Everything in the listing below should be repeated exactly, apart from the pictures.
(Beginning of Dataset content)
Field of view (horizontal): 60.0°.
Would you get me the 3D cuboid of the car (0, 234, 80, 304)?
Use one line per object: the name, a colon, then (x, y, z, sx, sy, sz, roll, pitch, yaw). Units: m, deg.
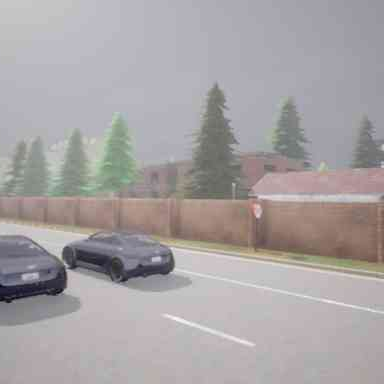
car: (-4.903, 1.762, 8.368, 4.181, 1.385, 1.994, 0, -3, 42)

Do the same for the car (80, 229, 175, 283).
car: (-2.520, 1.916, 10.929, 4.181, 1.385, 1.994, 0, -3, 42)
(End of Dataset content)
__Expected answer__:
Field of view (horizontal): 60.0°.
Would you get me the 3D cuboid of the car (0, 234, 80, 304)?
Use one line per object: the name, a colon, then (x, y, z, sx, sy, sz, roll, pitch, yaw). Units: m, deg.
car: (-4.903, 1.762, 8.368, 4.181, 1.385, 1.994, 0, -3, 42)

Do the same for the car (80, 229, 175, 283).
car: (-2.520, 1.916, 10.929, 4.181, 1.385, 1.994, 0, -3, 42)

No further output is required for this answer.